• RECORD EXCERPTS:
= Beginning of Section =

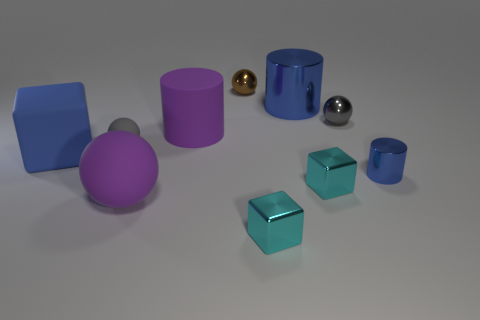There is a small metal cylinder; does it have the same color as the metal cylinder behind the blue matte cube?
Keep it short and to the point. Yes. What number of big matte things are the same color as the big ball?
Offer a terse response. 1. How many other objects are there of the same color as the big matte cube?
Make the answer very short. 2. What number of cylinders are behind the purple matte cylinder and on the left side of the brown metal sphere?
Your response must be concise. 0. Are there more tiny gray objects that are left of the tiny gray metal object than cylinders that are behind the big matte block?
Your answer should be compact. No. What is the gray ball to the left of the big metallic thing made of?
Provide a short and direct response. Rubber. There is a big metallic thing; is it the same shape as the small thing that is right of the small gray shiny ball?
Ensure brevity in your answer.  Yes. There is a cyan block to the left of the large blue thing that is on the right side of the gray rubber ball; how many blue objects are left of it?
Ensure brevity in your answer.  1. There is another metallic thing that is the same shape as the tiny blue object; what color is it?
Give a very brief answer. Blue. How many cubes are either big gray metallic objects or tiny cyan metallic objects?
Provide a short and direct response. 2. 
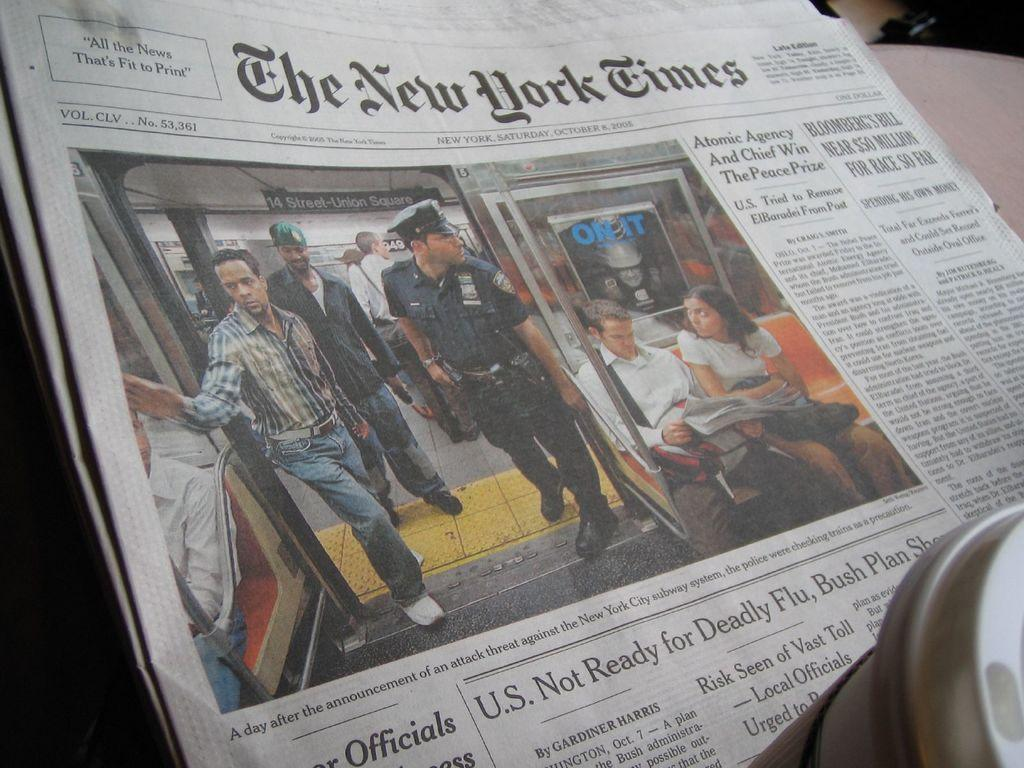What is the primary subject of the paper in the image? People are depicted on the paper in the image. What type of paper is it? It is new paper. Where is the river flowing in the image? There is no river present in the image; it only features new paper with people depicted on it. 
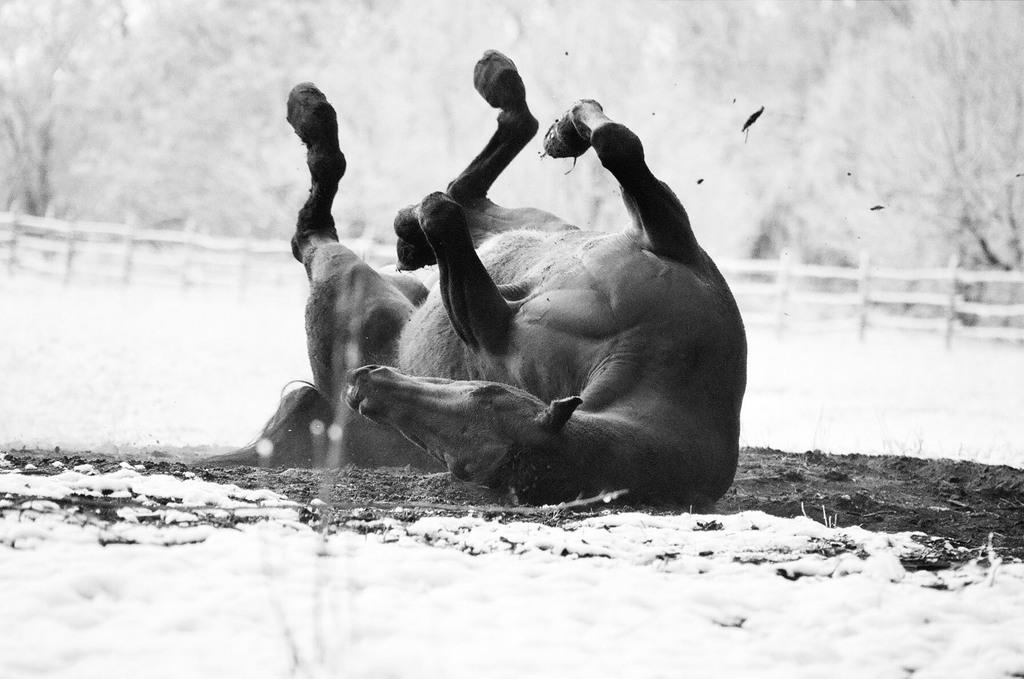What type of animal can be seen in the image? There is an animal in the image, but the specific type cannot be determined from the facts provided. What is the animal doing in the image? The animal is lying down on the ground. What is the environment like in the image? There is snow visible in the image. What type of magic is being performed by the animal in the image? There is no indication of magic or any magical activity in the image. The animal is simply lying down on the ground in a snowy environment.

= End of Section =

• PROMPT: Leave the pictures out, and print every line of the listing exactly as written.

• RESULT FOR THIS EXERCISE:
There is a small metal cylinder; does it have the same color as the metal cylinder behind the blue matte cube?
Keep it short and to the point. Yes. What number of big matte things are the same color as the big ball?
Offer a terse response. 1. How many other objects are there of the same color as the big matte cube?
Make the answer very short. 2. What number of cylinders are behind the purple matte cylinder and on the left side of the brown metal sphere?
Your response must be concise. 0. Are there more tiny gray objects that are left of the tiny gray metal object than cylinders that are behind the big matte block?
Your answer should be compact. No. What is the gray ball to the left of the big metallic thing made of?
Provide a short and direct response. Rubber. There is a big metallic thing; is it the same shape as the small thing that is right of the small gray shiny ball?
Ensure brevity in your answer.  Yes. There is a cyan block to the left of the large blue thing that is on the right side of the gray rubber ball; how many blue objects are left of it?
Ensure brevity in your answer.  1. There is another metallic thing that is the same shape as the tiny blue object; what color is it?
Give a very brief answer. Blue. How many cubes are either big gray metallic objects or tiny cyan metallic objects?
Provide a short and direct response. 2. 
What is the primary subject of the paper in the image? People are depicted on the paper in the image. What type of paper is it? It is new paper. Where is the river flowing in the image? There is no river present in the image; it only features new paper with people depicted on it. 
What type of animal can be seen in the image? There is an animal in the image, but the specific type cannot be determined from the facts provided. What is the animal doing in the image? The animal is lying down on the ground. What is the environment like in the image? There is snow visible in the image. What type of magic is being performed by the animal in the image? There is no indication of magic or any magical activity in the image. The animal is simply lying down on the ground in a snowy environment.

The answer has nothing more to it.